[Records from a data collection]
--- --- ---

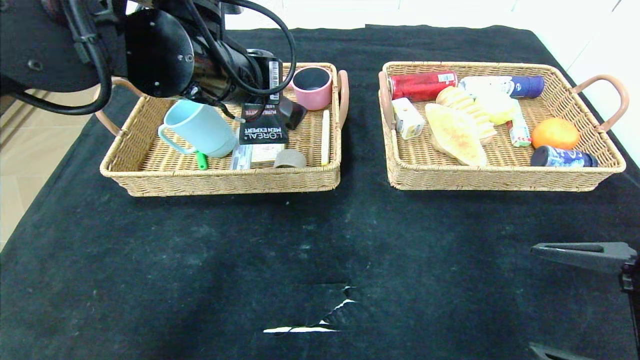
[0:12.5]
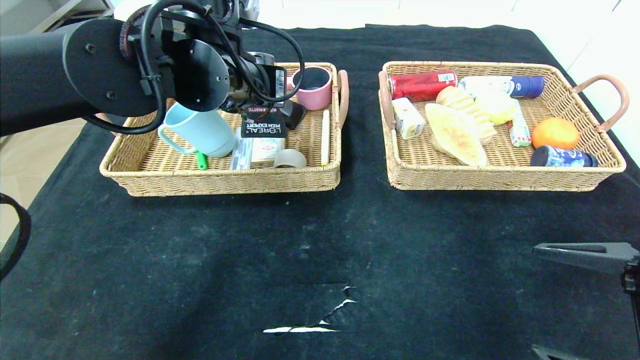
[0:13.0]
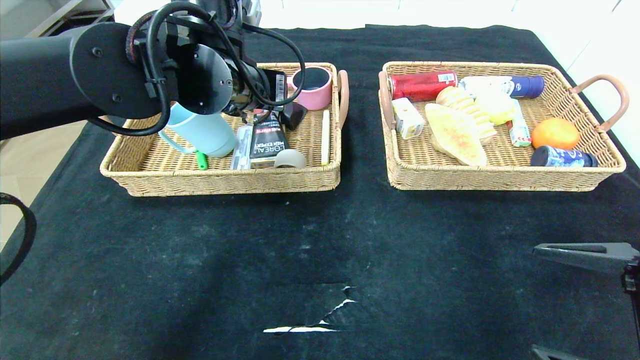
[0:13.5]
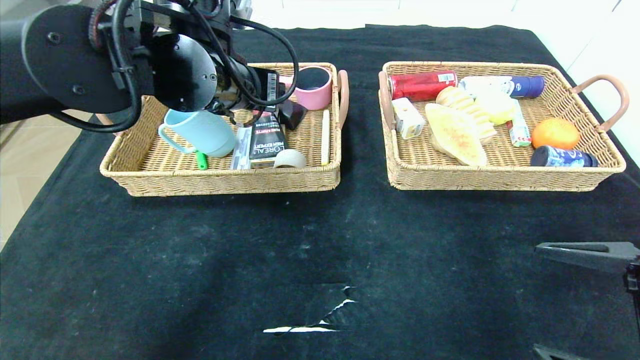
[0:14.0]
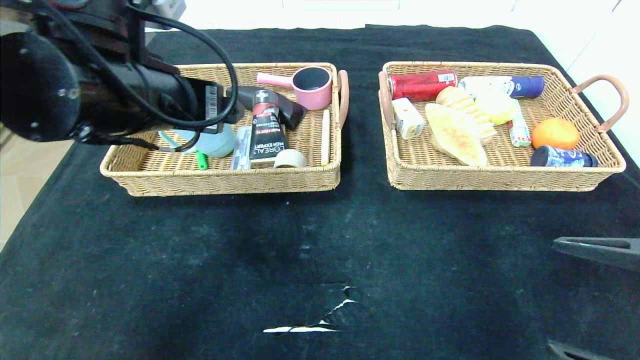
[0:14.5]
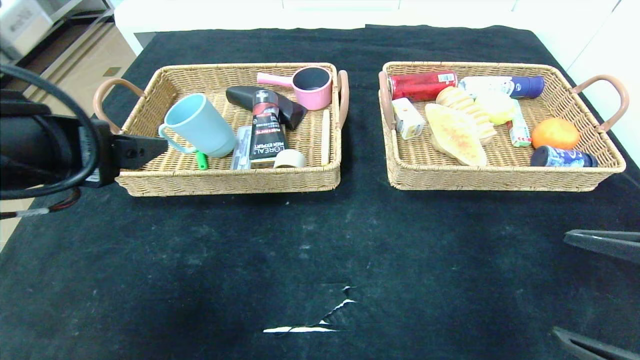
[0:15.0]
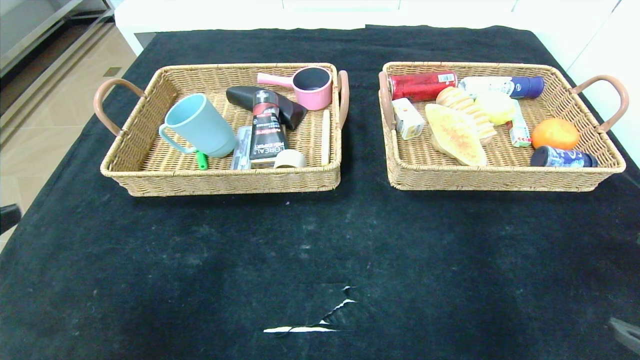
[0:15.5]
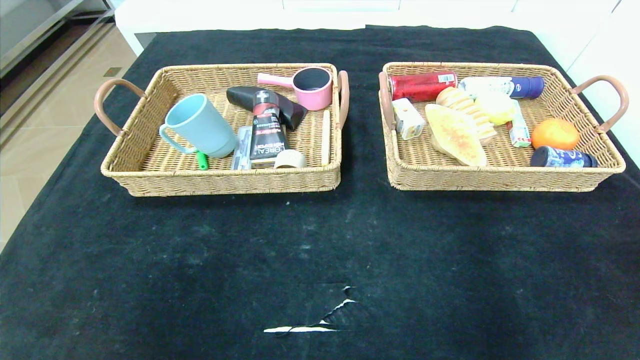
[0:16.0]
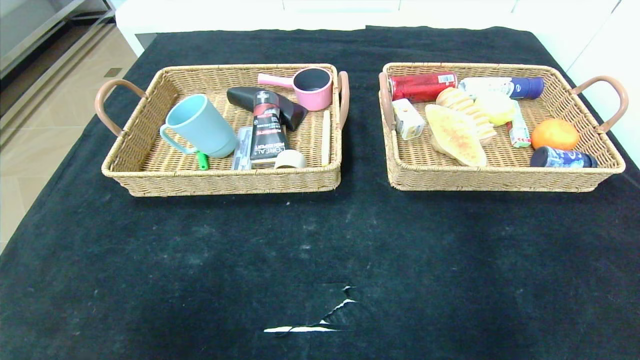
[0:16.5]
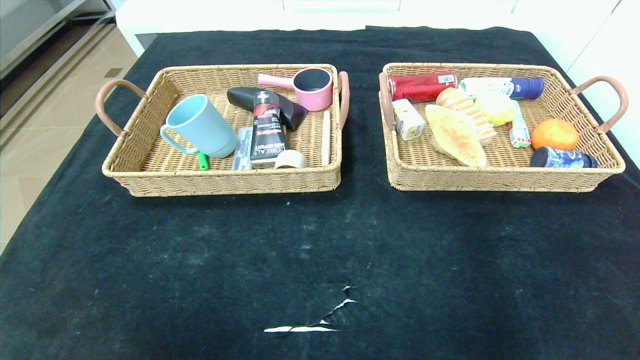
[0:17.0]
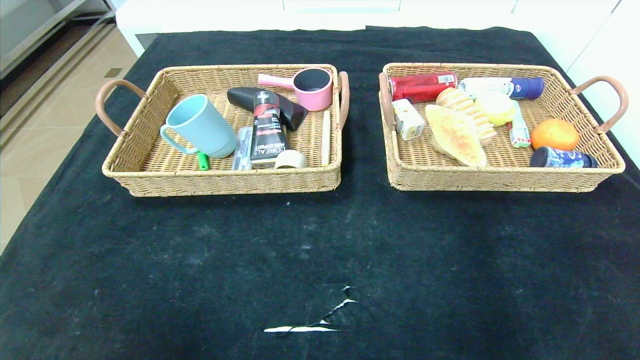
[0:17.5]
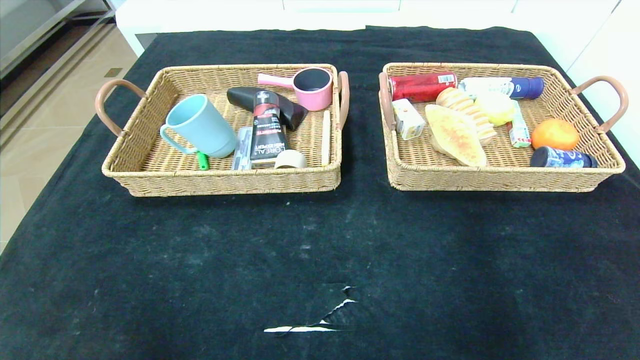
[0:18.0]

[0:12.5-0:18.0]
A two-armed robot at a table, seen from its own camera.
0:12.5 to 0:14.5: The left gripper shifts roughly 5 cm backward, and opens up.
0:14.5 to 0:16.0: The left gripper travels backward and to the left by about 30 cm, while the right gripper travels backward by about 10 cm.
0:16.0 to 0:18.0: The two grippers go about 20 cm downward.

--- --- ---

**YOUR OBJECTIVE**: The entries are to be transcribed in full. Their pictures are not.

**TASK ANSWER**:
[0:12.5]
[0:13.0]
[0:13.5]
[0:14.0]
[0:14.5]
[0:15.0]
[0:15.5]
[0:16.0]
[0:16.5]
[0:17.0]
[0:17.5]
[0:18.0]

[0:12.5-0:18.0]
A two-armed robot at a table, seen from its own camera.
0:12.5 to 0:14.5: The left gripper shifts roughly 5 cm backward, and opens up.
0:14.5 to 0:16.0: The left gripper travels backward and to the left by about 30 cm, while the right gripper travels backward by about 10 cm.
0:16.0 to 0:18.0: The two grippers go about 20 cm downward.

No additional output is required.